あこがれではあるが、住む世界の違うアイドルではなくて、自分の代わりに戦っている分身としてのヒーロー。舞台の上のパフォーマンスに思わず体がシンクロするような一体感。ミッキーマウスのような架空の存在ではなく、仲間の一人が成り上がった”ツレ”としてのヒーロー。生い立ちや生き方を含め、自分の「リアル」の延長にある存在だ。方や敗戦国の焼け跡から這い上がった日本人全体のリアル、方やゲームに熱中する若者世代のリアルという違いがあるにしても。

一方、現代のスポーツのヒーローは、幼少期から才能を認められ、特別な訓練を受けたエリートだ。超人的な技術に驚愕しても、自分と共通項を見出すのは難しい。私たちのリアルからは遠く離れ、ミッキーマウスやスパイダーマンと同列の存在である。だからこそスポーツ観戦はテーマパーク並みのエンタテイメント性を持たせたイベントになりつつあるのだ。スポーツイベントは、今や新たなレジャーランドである。
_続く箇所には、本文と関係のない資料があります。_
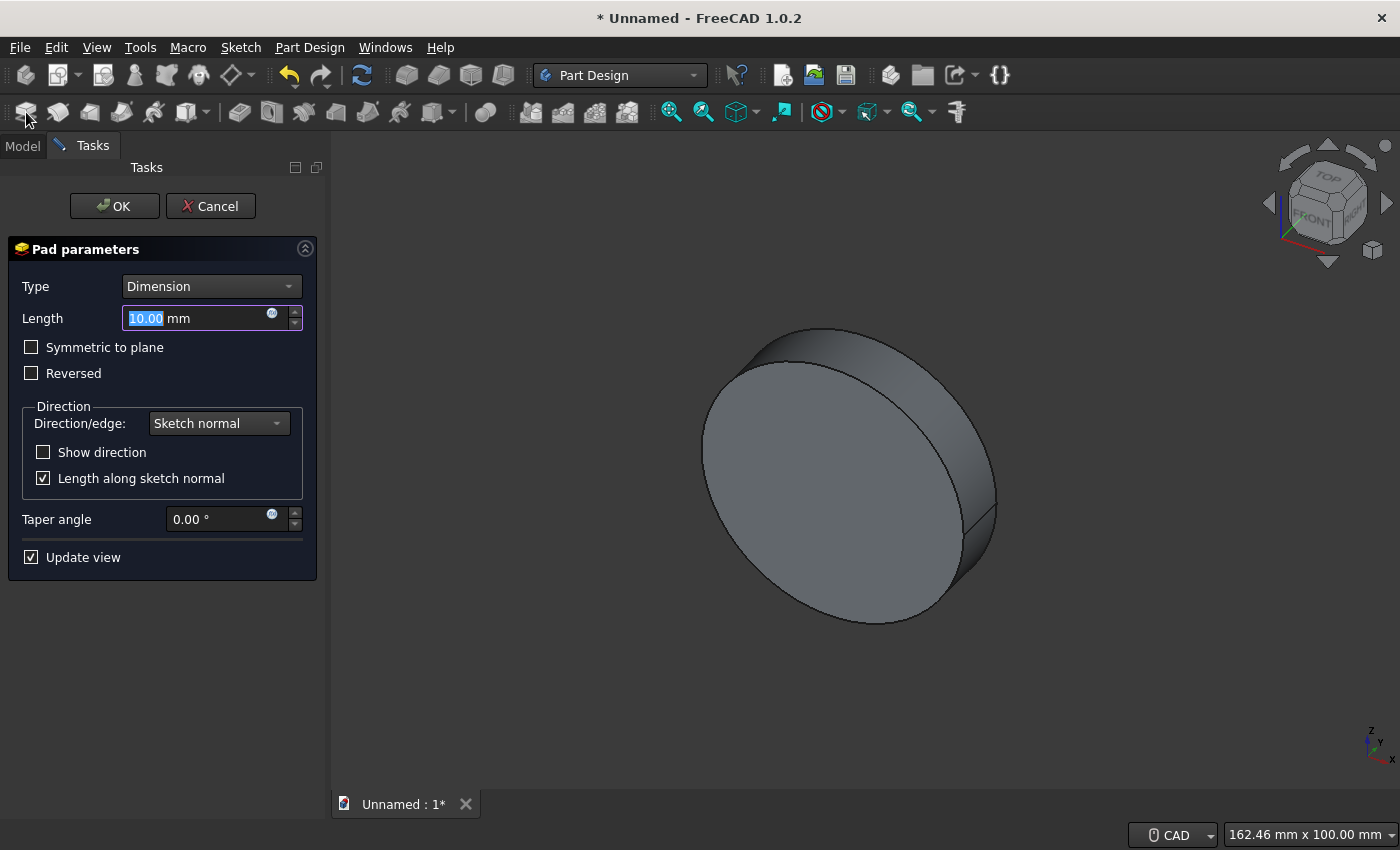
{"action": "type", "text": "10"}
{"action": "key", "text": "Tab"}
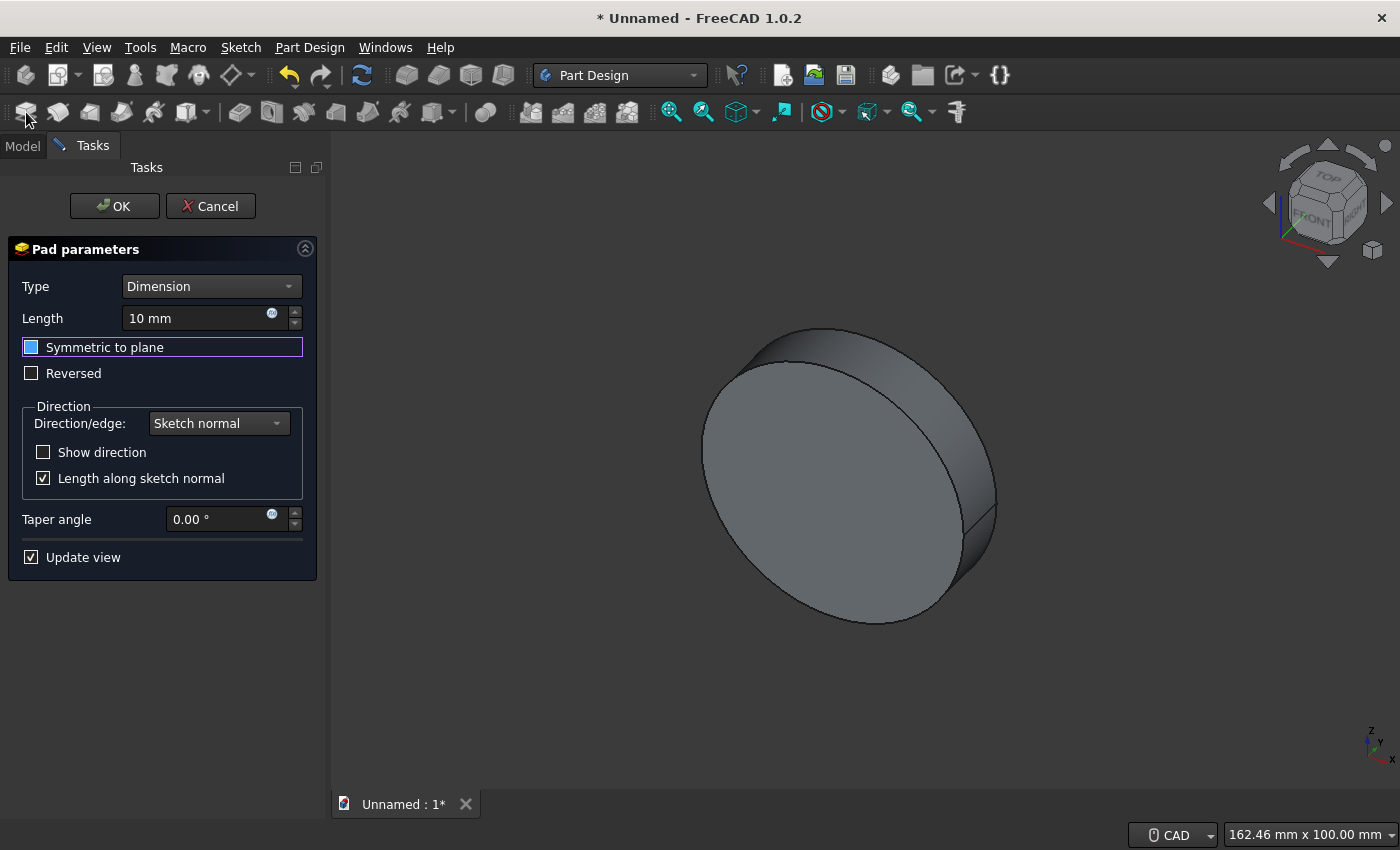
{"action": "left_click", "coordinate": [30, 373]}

オタクと揶揄されるゲーム界のヒーローは、かつての不良のあこがれだったロックンローラーに似ている。リーゼントと革ジャンはきゃしゃなメガネとスウェットに変わったが、大人が眉をひそめる反エリートとしてのポジションは同じである。eスポーツが、従来の「カッコイイ」観を壊す、ファッションやライフスタイルのムーブメントに広がっていく可能性は十分にあるのではないだろうか。